Existe la envidia desde el momento mismo que una segunda persona apareció sobre la faz de la tierra, envidiando a la primera o siendo envidiada por ésta. Tiene poco que ver con el entendimiento y puede crecer en intensidad y extensión ilimitadamente. Y perdura en el tiempo: es como una hidra de fuertes raíces que puede manifestarse varios decenios después de su nacimiento. Así, un buen expediente académico alcanzado en la juventud seguirá emponzoñando el alma del envidioso 50 años después; y qué decir del éxito profesional o económico, incluso del meramente supuesto. Así pues, cuando se niega el agradecimiento y se rechaza la dádiva, la envidia que se manifiesta ante el éxito personal, puede ser recién nacida o, con muchos años de antigüedad, acumulativa.
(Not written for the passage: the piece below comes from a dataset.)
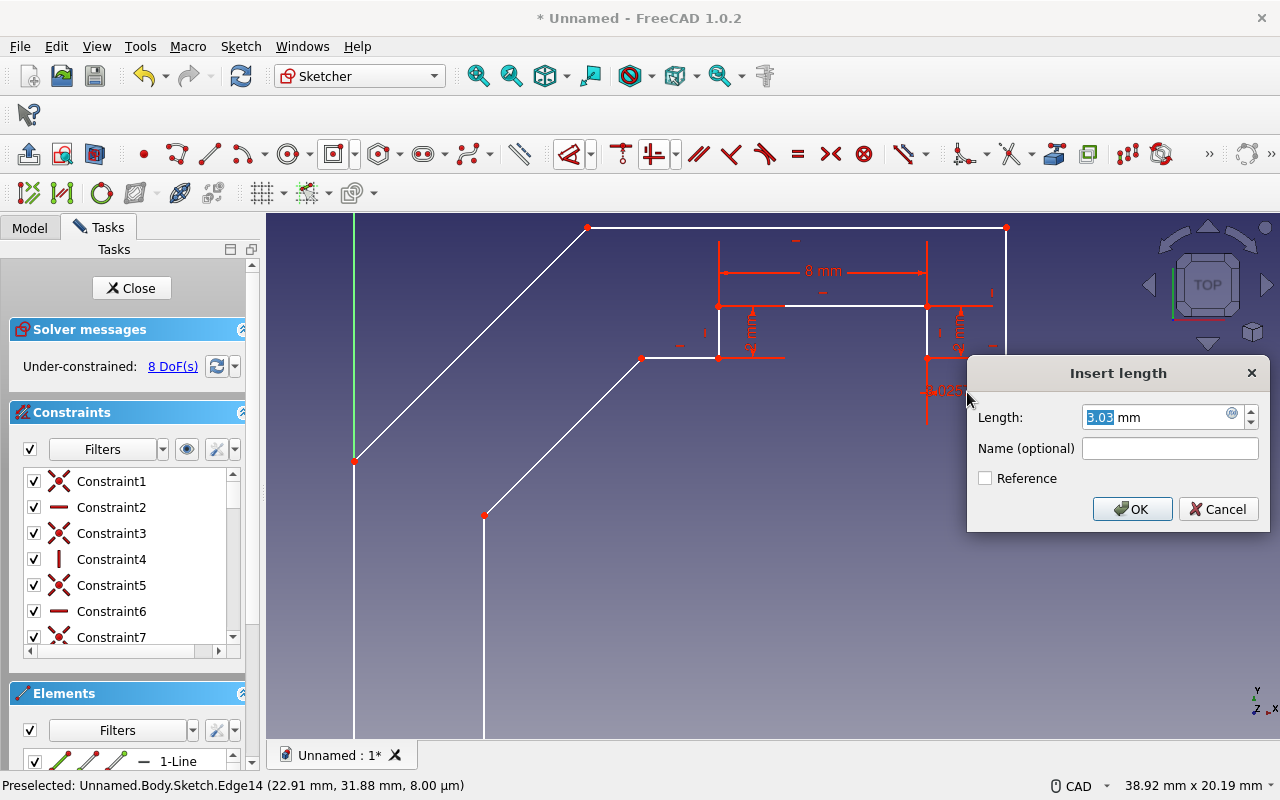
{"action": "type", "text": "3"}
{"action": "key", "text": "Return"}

Recapitulemos: El agradecimiento es el sentimiento más noble del ser humano. Es también hermoso y fértil. Hay personas que no pueden ni quieren agradecer. Rechazo de la dádiva. Éste puede venir determinado por la rebeldía a la relación de dependencia que el agradecimiento conlleva. También puede responder a la aparición instantánea de la envidia en el momento de la dádiva y el éxito personal que supone. Puede obedecer, por último, a una envidia vieja y enquistada en el alma. El rechazo se mueve ineluctablemente hacia la malevolencia: pugna interior y destrucción del ídolo, búsqueda de aliados, beligerancia aguda. La envidia, jamás reconocida, lo informa todo.

Queda un último paso que solo unos pocos son capaces de cubrir. Cuando se quiere mal, el camino de destrucción que, completado, lleva a la liberación personal (“no agradezco nada porque no lo merece”), puede tener un remate deleznable: la calumnia. Ésta es el marchamo del miserable; negra, injusta, cobarde y paralizadora. Con todo ello, si tú, lector amigo, has sido capaz de conservar en tu alma la flor del agradecimiento ¡enhorabuena!, porque de ti puede afirmarse que eres capaz de dar y conservar los más excelentes frutos.